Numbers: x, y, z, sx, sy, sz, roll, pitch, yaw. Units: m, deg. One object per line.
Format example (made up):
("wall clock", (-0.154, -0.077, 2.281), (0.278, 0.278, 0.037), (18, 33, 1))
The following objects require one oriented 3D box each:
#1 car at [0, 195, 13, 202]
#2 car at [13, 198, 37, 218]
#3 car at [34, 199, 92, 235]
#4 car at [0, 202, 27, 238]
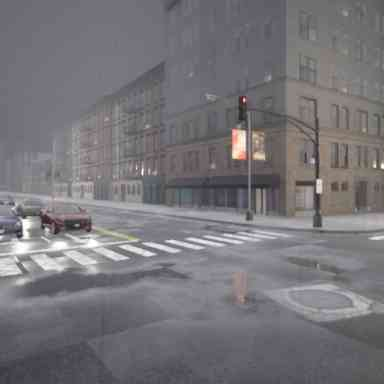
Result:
("car", (-24.093, 1.159, 42.922), (2.128, 1.511, 4.902), (-1, 1, -34))
("car", (-12.685, 1.321, 26.454), (1.837, 1.490, 4.892), (-1, 1, -35))
("car", (-7.096, 1.358, 18.431), (1.882, 1.535, 5.008), (-1, 1, -35))
("car", (-9.617, 1.443, 16.402), (1.812, 1.442, 4.674), (-1, 1, -35))
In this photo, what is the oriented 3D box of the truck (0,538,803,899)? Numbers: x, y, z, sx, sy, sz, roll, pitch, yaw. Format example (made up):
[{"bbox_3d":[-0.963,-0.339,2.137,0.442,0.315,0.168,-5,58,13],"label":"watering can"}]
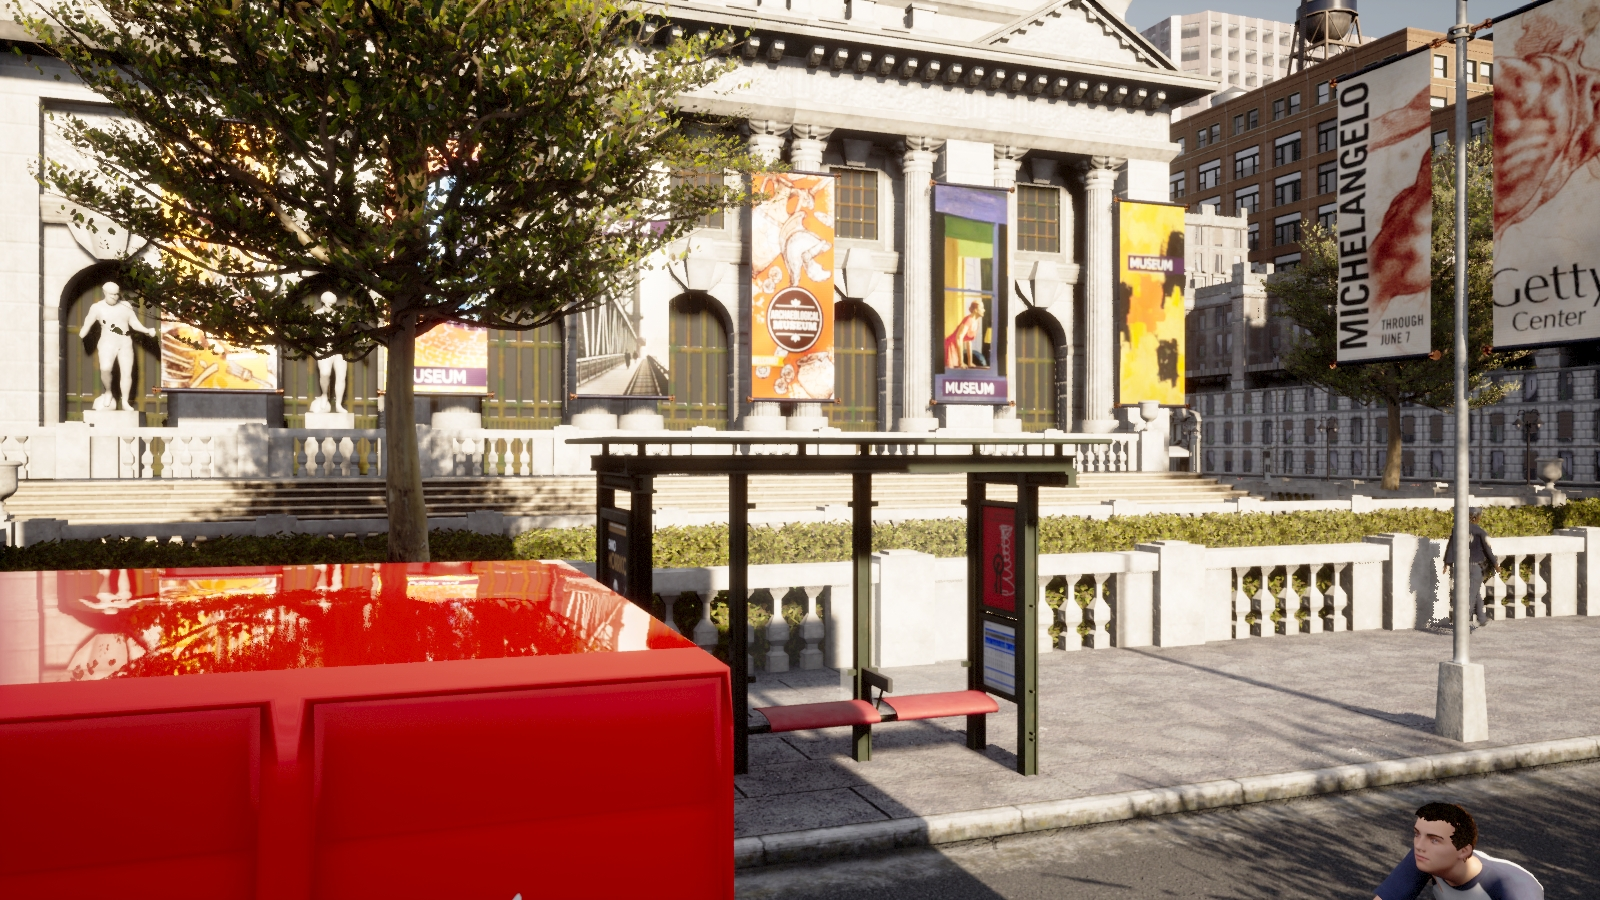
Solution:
[{"bbox_3d":[-2.888,1.568,2.235,5.204,2.467,2.627,0,0,-20],"label":"truck"}]

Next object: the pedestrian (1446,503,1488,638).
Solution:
[{"bbox_3d":[9.492,1.702,16.264,0.375,1.860,0.375,0,0,-25],"label":"pedestrian"}]
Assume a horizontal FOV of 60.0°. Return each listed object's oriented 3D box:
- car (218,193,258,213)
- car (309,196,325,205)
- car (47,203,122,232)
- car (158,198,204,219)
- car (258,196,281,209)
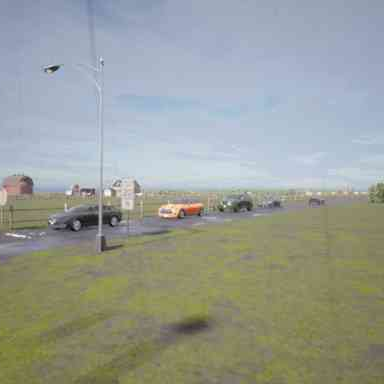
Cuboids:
[{"bbox_3d":[5.022,1.175,37.597,2.150,2.045,5.566,1,0,34],"label":"car"},{"bbox_3d":[21.296,1.485,56.666,1.837,1.490,4.892,1,0,34],"label":"car"},{"bbox_3d":[-6.428,1.474,20.407,1.837,1.490,4.892,1,0,32],"label":"car"},{"bbox_3d":[-0.875,1.314,28.781,2.097,1.767,4.553,1,0,34],"label":"car"},{"bbox_3d":[10.716,1.305,46.045,2.097,1.767,4.553,1,0,34],"label":"car"}]
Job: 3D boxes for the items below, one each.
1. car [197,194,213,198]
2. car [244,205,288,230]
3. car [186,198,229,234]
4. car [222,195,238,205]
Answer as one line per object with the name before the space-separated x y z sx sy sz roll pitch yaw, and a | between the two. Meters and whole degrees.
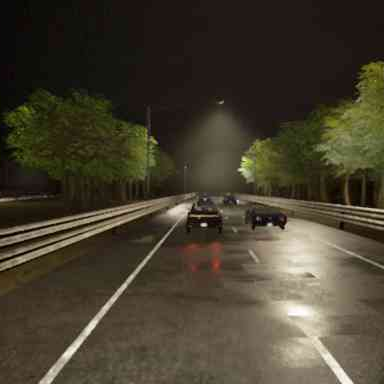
car | 1.711 1.000 43.326 2.097 1.767 4.553 0 0 2
car | 4.249 1.440 19.917 1.895 1.301 4.718 0 0 3
car | 0.679 1.337 18.320 2.128 1.511 4.902 0 1 3
car | 5.389 1.151 47.648 1.812 1.442 4.674 0 1 2
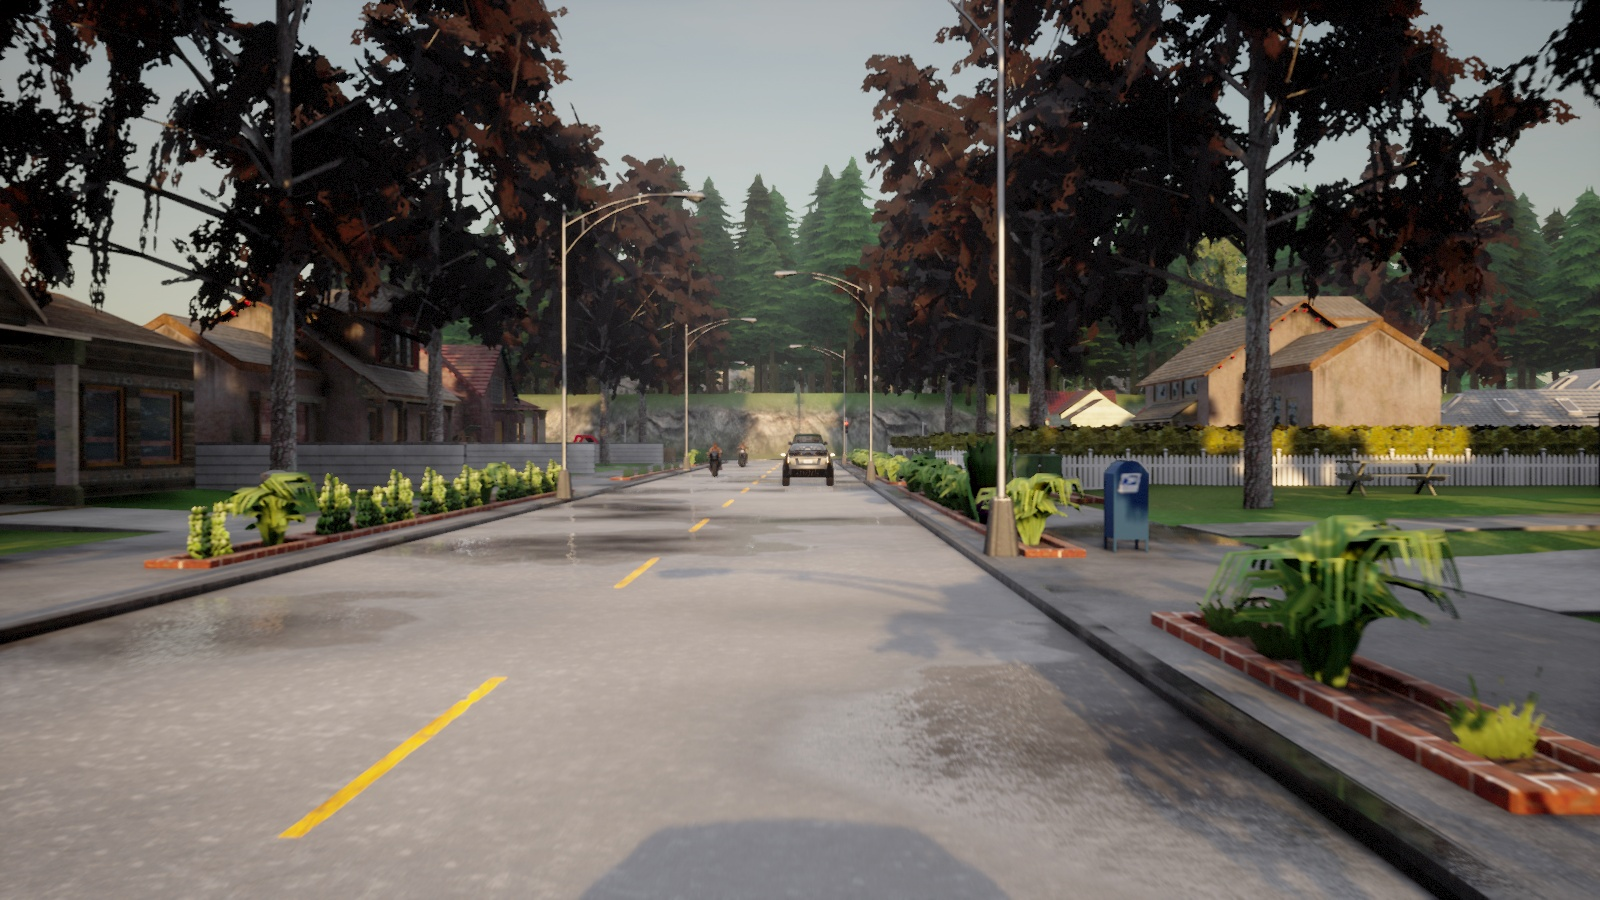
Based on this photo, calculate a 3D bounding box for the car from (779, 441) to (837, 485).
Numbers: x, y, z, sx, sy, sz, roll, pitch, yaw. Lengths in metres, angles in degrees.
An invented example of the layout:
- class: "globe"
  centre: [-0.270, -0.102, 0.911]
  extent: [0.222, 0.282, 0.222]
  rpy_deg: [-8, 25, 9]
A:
- class: "car"
  centre: [0.283, 0.438, 45.315]
  extent: [2.007, 1.525, 4.514]
  rpy_deg: [0, 0, 0]

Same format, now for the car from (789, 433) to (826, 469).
- class: "car"
  centre: [0.459, 0.043, 75.127]
  extent: [2.150, 2.045, 5.566]
  rpy_deg: [0, 0, 0]

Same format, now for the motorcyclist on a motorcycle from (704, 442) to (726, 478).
- class: "motorcyclist on a motorcycle"
  centre: [-3.668, 0.421, 54.137]
  extent: [0.797, 1.523, 2.044]
  rpy_deg: [0, 0, 0]
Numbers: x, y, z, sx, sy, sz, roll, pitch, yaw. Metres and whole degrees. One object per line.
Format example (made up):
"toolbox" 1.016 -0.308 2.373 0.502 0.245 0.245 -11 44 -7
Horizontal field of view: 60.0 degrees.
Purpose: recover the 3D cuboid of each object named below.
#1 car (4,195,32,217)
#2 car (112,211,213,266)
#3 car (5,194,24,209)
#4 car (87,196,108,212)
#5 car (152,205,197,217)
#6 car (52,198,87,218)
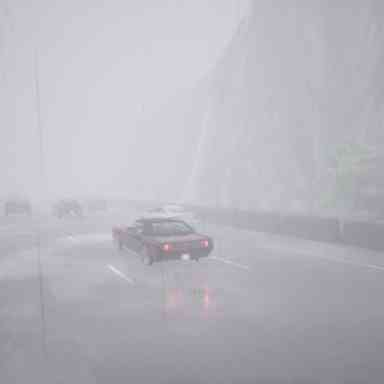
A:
"car" -14.954 1.211 28.624 1.882 1.535 5.008 0 1 -29
"car" -1.281 1.569 11.578 1.895 1.301 4.718 0 0 -30
"car" -20.688 1.068 38.747 1.812 1.442 4.674 0 1 -30
"car" -10.198 1.194 34.431 1.882 1.535 5.008 0 1 -30
"car" -1.335 1.459 18.777 1.812 1.442 4.674 0 0 -30
"car" -10.471 1.291 27.810 1.837 1.490 4.892 0 1 -30
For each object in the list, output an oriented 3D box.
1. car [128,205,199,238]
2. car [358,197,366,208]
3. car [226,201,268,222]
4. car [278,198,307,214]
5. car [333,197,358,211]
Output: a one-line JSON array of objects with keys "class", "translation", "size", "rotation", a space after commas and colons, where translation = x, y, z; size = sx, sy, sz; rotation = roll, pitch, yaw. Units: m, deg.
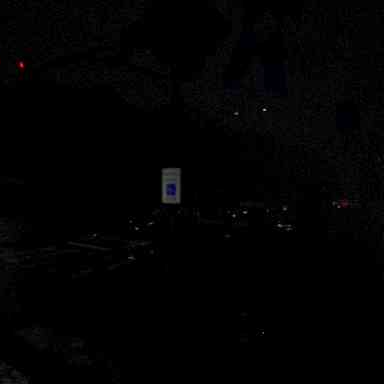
[{"class": "car", "translation": [-1.360, 1.472, 17.924], "size": [1.812, 1.442, 4.674], "rotation": [1, 1, 34]}, {"class": "car", "translation": [24.628, 1.529, 49.449], "size": [2.128, 1.511, 4.902], "rotation": [1, 0, 35]}, {"class": "car", "translation": [4.437, 1.435, 26.043], "size": [1.812, 1.442, 4.674], "rotation": [1, 1, 36]}, {"class": "car", "translation": [10.492, 1.409, 34.514], "size": [2.128, 1.511, 4.902], "rotation": [1, 0, 36]}, {"class": "car", "translation": [18.691, 1.524, 41.038], "size": [1.812, 1.442, 4.674], "rotation": [1, 0, 36]}]
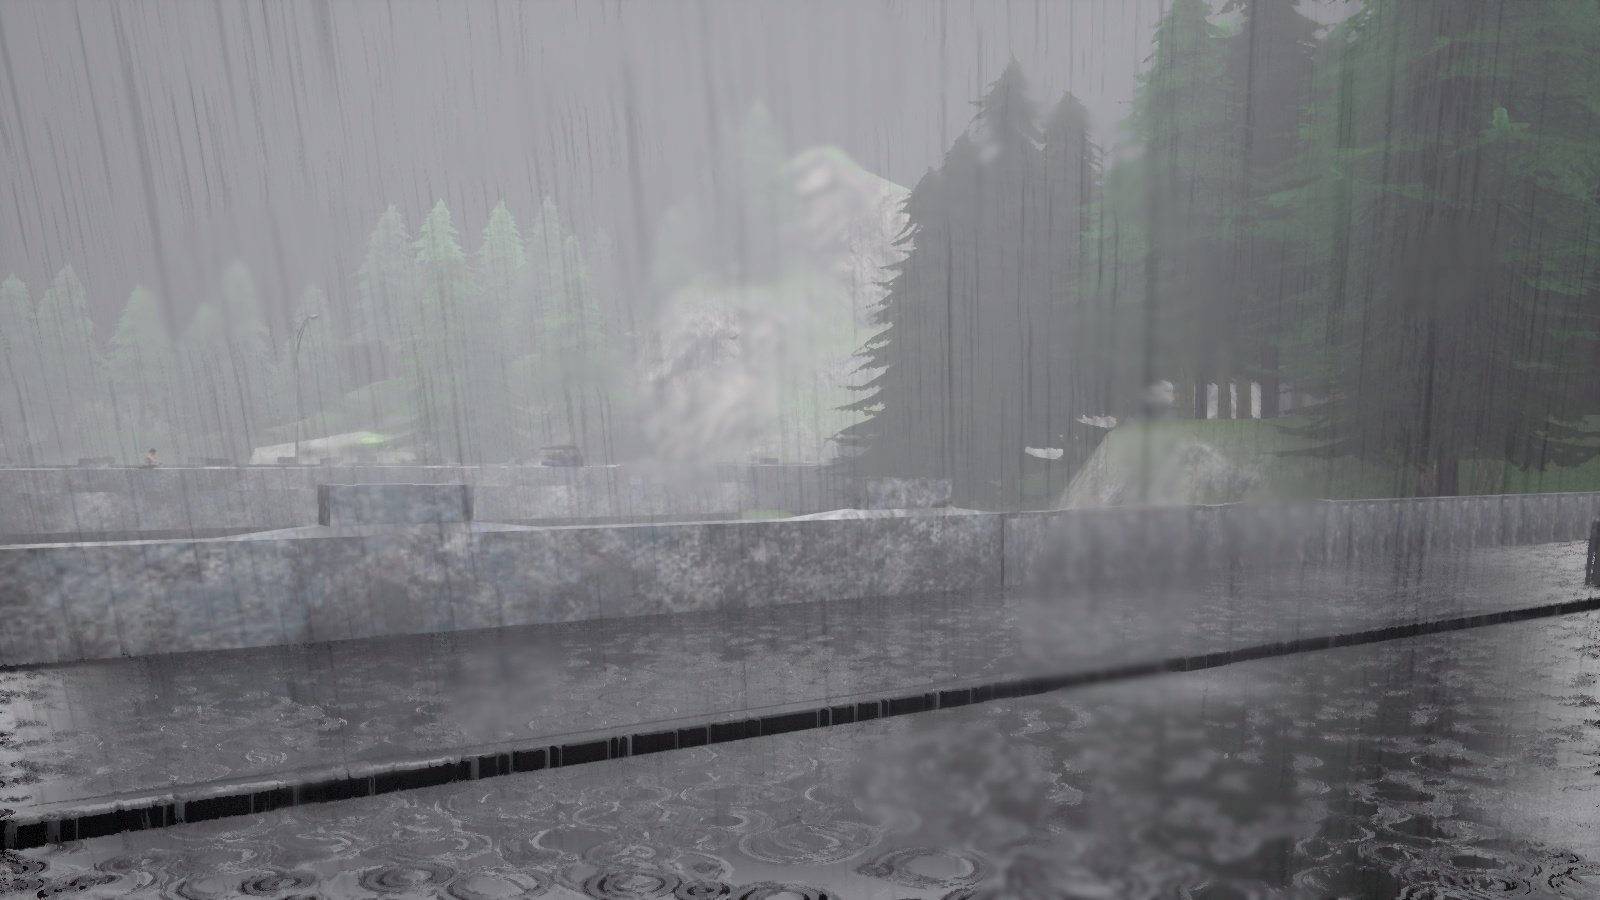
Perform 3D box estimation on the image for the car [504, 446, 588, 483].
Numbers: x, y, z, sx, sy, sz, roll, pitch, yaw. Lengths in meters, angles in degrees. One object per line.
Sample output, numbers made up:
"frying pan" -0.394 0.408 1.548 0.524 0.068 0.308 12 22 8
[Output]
"car" -13.177 0.728 65.199 3.866 1.878 1.905 0 0 -35
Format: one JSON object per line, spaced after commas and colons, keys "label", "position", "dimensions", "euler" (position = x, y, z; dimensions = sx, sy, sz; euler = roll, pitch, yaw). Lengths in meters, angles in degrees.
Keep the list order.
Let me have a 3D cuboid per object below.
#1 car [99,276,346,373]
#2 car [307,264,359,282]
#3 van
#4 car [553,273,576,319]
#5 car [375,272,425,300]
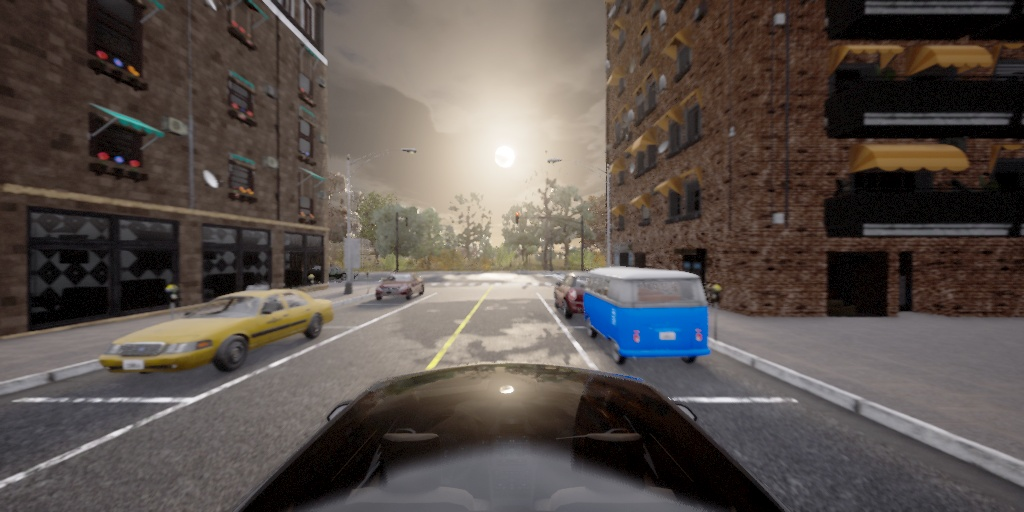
{"label": "car", "position": [-5.689, 1.345, 7.802], "dimensions": [1.751, 1.417, 4.829], "euler": [0, 0, 0]}
{"label": "car", "position": [-17.148, 1.561, 34.338], "dimensions": [4.553, 1.767, 2.097], "euler": [-1, 0, -7]}
{"label": "van", "position": [2.692, 1.161, 8.018], "dimensions": [1.690, 1.789, 3.998], "euler": [0, 0, 0]}
{"label": "car", "position": [2.693, 1.321, 13.542], "dimensions": [1.967, 1.591, 4.097], "euler": [0, 0, 0]}
{"label": "car", "position": [-5.783, 1.524, 19.013], "dimensions": [1.802, 1.307, 4.207], "euler": [0, 0, 0]}
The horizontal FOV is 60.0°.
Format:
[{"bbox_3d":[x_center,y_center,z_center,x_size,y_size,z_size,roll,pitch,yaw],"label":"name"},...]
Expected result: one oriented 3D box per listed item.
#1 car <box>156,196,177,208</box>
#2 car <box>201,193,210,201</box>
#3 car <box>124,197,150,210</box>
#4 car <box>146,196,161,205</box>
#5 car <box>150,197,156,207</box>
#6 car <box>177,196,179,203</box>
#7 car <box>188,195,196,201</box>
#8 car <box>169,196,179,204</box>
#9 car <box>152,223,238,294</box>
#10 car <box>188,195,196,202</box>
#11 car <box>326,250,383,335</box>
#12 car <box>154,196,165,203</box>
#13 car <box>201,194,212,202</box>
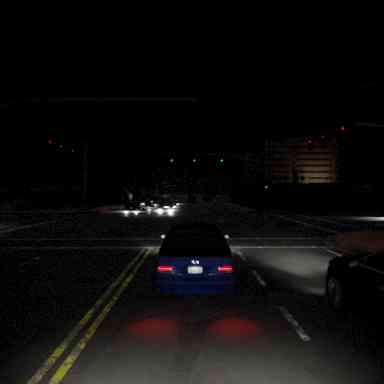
[{"bbox_3d":[-3.633,1.601,47.537,1.895,1.301,4.718,0,0,0],"label":"car"},{"bbox_3d":[3.439,1.228,84.590,2.097,1.767,4.553,0,0,0],"label":"car"},{"bbox_3d":[-7.171,1.547,42.288,2.033,1.411,5.357,0,0,2],"label":"car"},{"bbox_3d":[-7.107,1.547,61.730,2.033,1.411,5.357,0,0,0],"label":"car"},{"bbox_3d":[-7.130,1.505,51.930,1.837,1.490,4.892,0,0,0],"label":"car"},{"bbox_3d":[-3.624,1.491,56.854,2.128,1.511,4.902,0,0,0],"label":"car"},{"bbox_3d":[-0.061,1.425,84.616,1.994,1.385,4.181,0,0,0],"label":"car"},{"bbox_3d":[-3.569,1.505,66.900,1.837,1.490,4.892,0,0,0],"label":"car"},{"bbox_3d":[0.077,1.548,8.921,2.033,1.411,5.357,0,0,0],"label":"car"},{"bbox_3d":[-0.053,1.531,74.343,2.033,1.411,5.357,0,0,0],"label":"car"},{"bbox_3d":[3.560,1.492,4.724,2.128,1.511,4.902,0,0,0],"label":"car"},{"bbox_3d":[-7.051,1.552,71.649,1.994,1.385,4.181,0,0,0],"label":"car"},{"bbox_3d":[3.447,1.344,74.634,2.097,1.767,4.553,0,0,0],"label":"car"}]
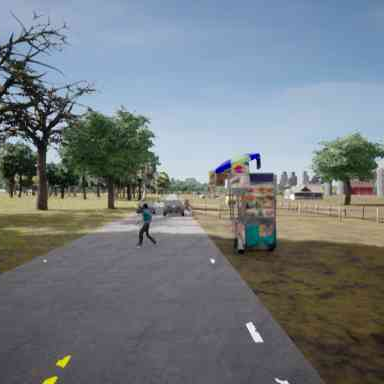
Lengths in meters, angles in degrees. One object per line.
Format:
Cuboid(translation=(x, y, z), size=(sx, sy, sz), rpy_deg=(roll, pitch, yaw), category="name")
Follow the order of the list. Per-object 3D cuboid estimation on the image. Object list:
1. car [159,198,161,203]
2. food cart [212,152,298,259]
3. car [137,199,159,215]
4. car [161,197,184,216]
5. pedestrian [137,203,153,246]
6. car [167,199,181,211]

# # # # #

_Task objective_
Each line from the one containing "#7 car <box>188,195,196,201</box>" through the end of the records above is to be retyped exactly, with the pictures omitted and nothing added.

_Completed task_
#7 car <box>188,195,196,201</box>
#8 car <box>169,196,179,204</box>
#9 car <box>152,223,238,294</box>
#10 car <box>188,195,196,202</box>
#11 car <box>326,250,383,335</box>
#12 car <box>154,196,165,203</box>
#13 car <box>201,194,212,202</box>
[{"bbox_3d":[-3.633,1.601,47.537,1.895,1.301,4.718,0,0,0],"label":"car"},{"bbox_3d":[3.439,1.228,84.590,2.097,1.767,4.553,0,0,0],"label":"car"},{"bbox_3d":[-7.171,1.547,42.288,2.033,1.411,5.357,0,0,2],"label":"car"},{"bbox_3d":[-7.107,1.547,61.730,2.033,1.411,5.357,0,0,0],"label":"car"},{"bbox_3d":[-7.130,1.505,51.930,1.837,1.490,4.892,0,0,0],"label":"car"},{"bbox_3d":[-3.624,1.491,56.854,2.128,1.511,4.902,0,0,0],"label":"car"},{"bbox_3d":[-0.061,1.425,84.616,1.994,1.385,4.181,0,0,0],"label":"car"},{"bbox_3d":[-3.569,1.505,66.900,1.837,1.490,4.892,0,0,0],"label":"car"},{"bbox_3d":[0.077,1.548,8.921,2.033,1.411,5.357,0,0,0],"label":"car"},{"bbox_3d":[-0.053,1.531,74.343,2.033,1.411,5.357,0,0,0],"label":"car"},{"bbox_3d":[3.560,1.492,4.724,2.128,1.511,4.902,0,0,0],"label":"car"},{"bbox_3d":[-7.051,1.552,71.649,1.994,1.385,4.181,0,0,0],"label":"car"},{"bbox_3d":[3.447,1.344,74.634,2.097,1.767,4.553,0,0,0],"label":"car"}]
Lengths in meters, angles in degrees. One object per line.
Format:
Cuboid(translation=(x, y, z), size=(sx, sy, sz), rpy_deg=(roll, pitch, yaw), category="name")
Follow the order of the list. Per-object 3D cuboid estimation on the image. Object list:
1. car [159,198,161,203]
2. food cart [212,152,298,259]
3. car [137,199,159,215]
4. car [161,197,184,216]
5. pedestrian [137,203,153,246]
6. car [167,199,181,211]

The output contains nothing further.